Mas os sul-coreanos não ficam por aqui…
Hyundai e Kia foram, de longe, as marcas que mais atraíram olhares no Salão de Nova Iorque 2025. A Hyundai ainda exibiu duas novas versões do grande SUV Palisade: uma opção fora de estrada XRT PRO e, pela primeira vez na linha, uma variante híbrida. Elétrico puro? Nada disso.
O Palisade híbrido combina um novo motor 2,5 l turbo (262 cv) com dois motores elétricos integrados a um câmbio automático de seis marchas, chegando a 242 kW (329 cv) de potência combinada.

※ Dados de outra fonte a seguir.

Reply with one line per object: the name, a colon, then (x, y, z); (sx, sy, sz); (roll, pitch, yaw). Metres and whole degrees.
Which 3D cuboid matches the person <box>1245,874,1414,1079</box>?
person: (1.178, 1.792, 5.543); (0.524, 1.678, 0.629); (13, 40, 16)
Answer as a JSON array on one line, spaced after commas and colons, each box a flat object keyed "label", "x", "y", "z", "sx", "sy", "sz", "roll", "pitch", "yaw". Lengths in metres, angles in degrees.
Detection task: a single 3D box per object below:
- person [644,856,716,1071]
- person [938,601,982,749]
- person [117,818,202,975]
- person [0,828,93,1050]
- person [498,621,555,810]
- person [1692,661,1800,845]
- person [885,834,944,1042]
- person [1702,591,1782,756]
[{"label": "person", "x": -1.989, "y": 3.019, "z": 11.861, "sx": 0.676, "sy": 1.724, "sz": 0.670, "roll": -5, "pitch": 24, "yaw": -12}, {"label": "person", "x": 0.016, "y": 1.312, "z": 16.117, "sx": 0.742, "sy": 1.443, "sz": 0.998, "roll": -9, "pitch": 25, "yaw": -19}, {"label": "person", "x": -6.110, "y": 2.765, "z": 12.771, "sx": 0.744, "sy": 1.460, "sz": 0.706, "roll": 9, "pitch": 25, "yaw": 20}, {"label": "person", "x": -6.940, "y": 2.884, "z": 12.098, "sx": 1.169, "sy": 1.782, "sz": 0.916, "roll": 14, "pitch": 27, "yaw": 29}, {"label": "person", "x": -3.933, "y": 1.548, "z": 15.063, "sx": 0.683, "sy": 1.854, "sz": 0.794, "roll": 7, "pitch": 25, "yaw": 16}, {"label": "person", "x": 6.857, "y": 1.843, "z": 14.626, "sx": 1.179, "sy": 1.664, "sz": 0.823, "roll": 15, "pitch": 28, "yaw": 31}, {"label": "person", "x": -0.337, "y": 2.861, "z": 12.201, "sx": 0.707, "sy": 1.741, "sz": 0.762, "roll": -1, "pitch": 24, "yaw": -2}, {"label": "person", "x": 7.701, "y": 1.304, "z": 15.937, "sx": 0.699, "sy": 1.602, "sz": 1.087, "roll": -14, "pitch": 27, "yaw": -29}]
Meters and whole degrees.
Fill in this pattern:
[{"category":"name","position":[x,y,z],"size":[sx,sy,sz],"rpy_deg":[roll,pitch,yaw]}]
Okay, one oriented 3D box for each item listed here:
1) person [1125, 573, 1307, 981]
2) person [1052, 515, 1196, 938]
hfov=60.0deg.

A autonomia anunciada é de 996 km (ciclo EPA).
No estande da Kia, por sua vez, o destaque ficou com o EV4, um sedã de quatro portas já conhecido pelo público europeu, além do K4 Hatchback, que pode muito bem virar o sucessor do Ceed na Europa.
E os outros?
Para o público norte-americano, o Salão Automóvel de Nova Iorque, no coração de Manhattan, funciona mais como um evento voltado a vendas. Notícias realmente relevantes são poucas. O que se vê, em grande parte, são atualizações de linha e, claro, muitos SUVs e picapes.
No caso da Toyota, que liderou o mercado norte-americano em 2024, a estratégia foi destacar o patrocínio esportivo, sem apresentar novidades. Além do time de beisebol New York Mets, os japoneses também apoiam a NFL (Liga Nacional de Futebol Americano) e mostraram edições especiais coloridas de modelos já conhecidos. A Ford, por sua vez, preparou duas versões temáticas do Bronco.
E as marcas alemãs? Um desastre. Onde antes executivos aparentemente poderosos brindavam em estandes sofisticados, agora predomina uma certa melancolia teutônica.
A Mercedes-Benz e a Audi se limitam a expor alguns modelos de maneira quase displicente, em áreas simples e sem grande produção. E a BMW? Nem deu as caras.
A Volkswagen ao menos preserva alguma dignidade, com uma presença mais próxima do que se espera de uma feira de negócios. E trouxe uma novidade: o Tiguan SEL R-Line Turbo, com o já conhecido 2.0 turbo e 272 cv de potência. Assim, ele passou a ser o Tiguan mais forte à venda nos EUA.
Como costuma acontecer, é justamente nos lugares menos óbvios que aparecem os achados de verdade. No subsolo do Centro Javits, especialistas em tuning exibem com orgulho suas criações - versões personalizadas de modelos bem conhecidos, muitas delas com modificações extensas.
Um dos que mais chama atenção é, sem dúvida, um Plymouth Fury transformado em viatura policial. Logo adiante, há vários BMW E30 alinhados lado a lado, e até um Mercedes-Benz SL R129 marcou presença.
São carros assim que ajudam a lembrar os tempos áureos dos salões do automóvel. Mesmo com um clima mais quieto, o Salão de Nova Iorque 2025 ainda é um palco relevante - nem que seja para deixar claro que a época mudou.